Robert Root-Bernstein: No one becomes a great inventor or a great scientist or a great writer or anything else unless they love what they do. Because you have to really be able to invest your entire soul into something. And if you can't play at it, if you can't just do something because you enjoy it, then you can't do it completely enough or long enough to succeed at it.

John Fabel, inventor, adjunct professor of design, Hampshire College: I think the encouragement of play in the workplace is a marvelous trend.

IDEO Designer: We are down to 40 from an original of 173 ideas.

John Fabel: I think that not only does it generate more ideas, but it also reinvigorates the role that play has in connecting us together and helping us to work better together.

IDEO Designer: So for now we're just playing around.

David Kelley, founder and chairman, IDEO, product design company: The idea was the group that you hang around with is really important to how innovative you are, how creative you are. And so by picking my friends, people I was already comfortable working with, and people who had the same kind of value system, and that comfort, I thought, would allow us to do great work, and it turns out it works out pretty well.

IDEO Designer #1: Ok, how many for dogs? One, two, three, four, five.

IDEO Designer #2: A bone bell. It's kind of like a barbell for dogs.

IDEO Designer #3: It makes them sweat, and everything's much more of an effort.

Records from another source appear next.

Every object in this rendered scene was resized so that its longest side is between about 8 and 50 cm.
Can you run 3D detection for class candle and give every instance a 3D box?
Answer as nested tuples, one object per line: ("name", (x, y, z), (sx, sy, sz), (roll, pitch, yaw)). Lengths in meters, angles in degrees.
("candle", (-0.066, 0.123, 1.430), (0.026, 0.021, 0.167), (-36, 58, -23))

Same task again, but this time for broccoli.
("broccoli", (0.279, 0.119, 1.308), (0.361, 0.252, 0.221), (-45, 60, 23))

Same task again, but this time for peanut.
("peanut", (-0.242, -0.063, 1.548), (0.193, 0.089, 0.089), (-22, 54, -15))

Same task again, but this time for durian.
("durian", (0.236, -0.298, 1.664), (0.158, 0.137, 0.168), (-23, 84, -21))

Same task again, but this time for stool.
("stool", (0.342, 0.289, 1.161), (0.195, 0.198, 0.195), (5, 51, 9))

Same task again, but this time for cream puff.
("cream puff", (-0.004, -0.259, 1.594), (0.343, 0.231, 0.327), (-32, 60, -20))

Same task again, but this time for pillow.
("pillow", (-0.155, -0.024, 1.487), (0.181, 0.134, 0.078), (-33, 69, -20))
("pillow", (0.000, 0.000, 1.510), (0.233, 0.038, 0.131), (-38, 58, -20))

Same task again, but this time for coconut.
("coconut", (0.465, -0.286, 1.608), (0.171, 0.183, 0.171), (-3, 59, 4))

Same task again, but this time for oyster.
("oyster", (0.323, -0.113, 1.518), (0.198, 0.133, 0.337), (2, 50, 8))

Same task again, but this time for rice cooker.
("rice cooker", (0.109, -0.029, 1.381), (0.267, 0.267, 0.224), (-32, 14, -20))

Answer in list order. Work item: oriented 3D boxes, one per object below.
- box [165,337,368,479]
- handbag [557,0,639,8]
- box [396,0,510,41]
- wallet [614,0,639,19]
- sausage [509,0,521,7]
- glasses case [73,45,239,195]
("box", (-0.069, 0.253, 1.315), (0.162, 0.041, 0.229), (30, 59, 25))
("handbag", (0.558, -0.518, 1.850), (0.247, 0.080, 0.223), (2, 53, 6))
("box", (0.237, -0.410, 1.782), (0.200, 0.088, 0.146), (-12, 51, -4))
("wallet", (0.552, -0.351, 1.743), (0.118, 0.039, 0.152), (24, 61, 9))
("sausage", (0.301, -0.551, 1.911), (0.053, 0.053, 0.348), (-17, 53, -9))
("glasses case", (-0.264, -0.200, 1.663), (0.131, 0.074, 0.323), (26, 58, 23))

Jeri Robinson: In the workplace, we need the same things that children need. We need a place to be creative. We need a place to be interactive. We need a place for social interaction. We need a place to explore new tools.

John Fabel, inventor, adjunct professor of design, Hampshire College: Well, I think if play is exploration, and gives us license to try new ideas, work, in many ways, is application of that understanding.

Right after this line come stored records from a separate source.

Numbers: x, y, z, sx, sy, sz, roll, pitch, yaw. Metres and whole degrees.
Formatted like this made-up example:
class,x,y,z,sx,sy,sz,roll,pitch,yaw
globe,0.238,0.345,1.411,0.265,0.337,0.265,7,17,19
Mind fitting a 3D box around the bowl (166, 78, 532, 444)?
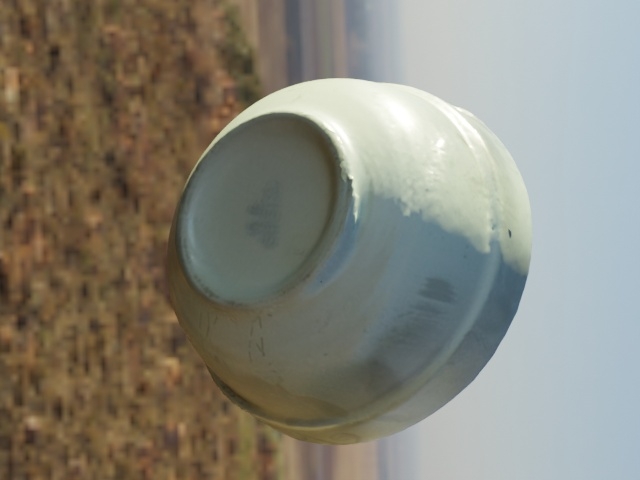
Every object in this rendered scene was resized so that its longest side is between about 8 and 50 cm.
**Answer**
class,x,y,z,sx,sy,sz,roll,pitch,yaw
bowl,0.000,0.000,1.405,0.163,0.307,0.307,31,51,-50

David Kelley: We went through a period in business where you had to sit at your desk and have your head down. People perfected ways of looking like they were busy, by holding the phone up to their ear when they weren't and so forth. But today we actually have gotten to the point where enlightened companies allow their people to play.

Alison Gopnik: You can say to a company in Silicon Valley, "Okay, you guys, here's the general space of what we want you to find out about, and we're just going to let you play around until you do."

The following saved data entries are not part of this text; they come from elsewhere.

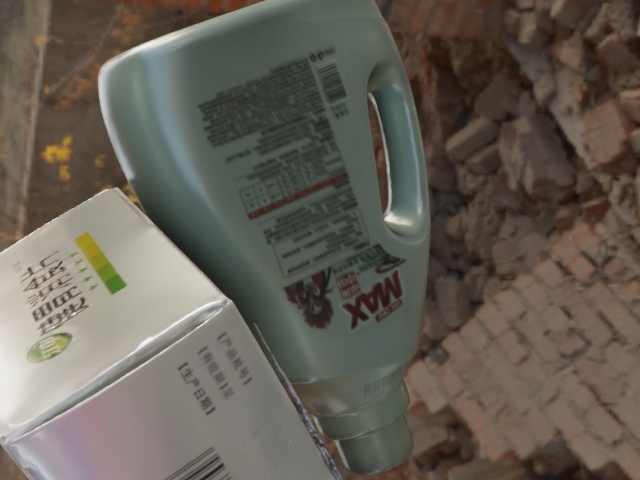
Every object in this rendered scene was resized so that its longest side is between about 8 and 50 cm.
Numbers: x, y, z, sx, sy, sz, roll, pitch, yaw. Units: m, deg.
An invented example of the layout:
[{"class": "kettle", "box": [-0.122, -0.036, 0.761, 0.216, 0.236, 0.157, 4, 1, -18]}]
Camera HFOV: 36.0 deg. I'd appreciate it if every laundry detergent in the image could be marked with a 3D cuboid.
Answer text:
[{"class": "laundry detergent", "box": [0.000, 0.000, 0.830, 0.125, 0.264, 0.397, -3, 111, 59]}]

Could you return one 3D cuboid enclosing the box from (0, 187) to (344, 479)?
[{"class": "box", "box": [-0.126, 0.094, 0.672, 0.173, 0.145, 0.333, 64, 166, -23]}]

Michele Root-Bernstein: When play is purposefully put in the workforce, it strikes me that it's a kind of communal play. It's a play that has rules to it: that this is where you will play, this is why you will play, this is how you will play. So it strikes me as not quite the real thing.

Robert Root-Bernstein: The critical message here is we go and look at where the big companies started: the garages, the little home laboratory, the inventor tinkering in his basement. There are too many of these stories to be ignored. They're telling us that we need to have people doing these things.

David Kelley: The first step is to get people to start feeling like play's okay, and that they're inherently a creative person.

Jeri Robinson: We have businesses who've actually brought their folks here to do play exercises with the idea of getting the creative juices going, to have people see each other in a different kind of light, to learn about one another, to learn about new strengths, new interests, and you can do that through play.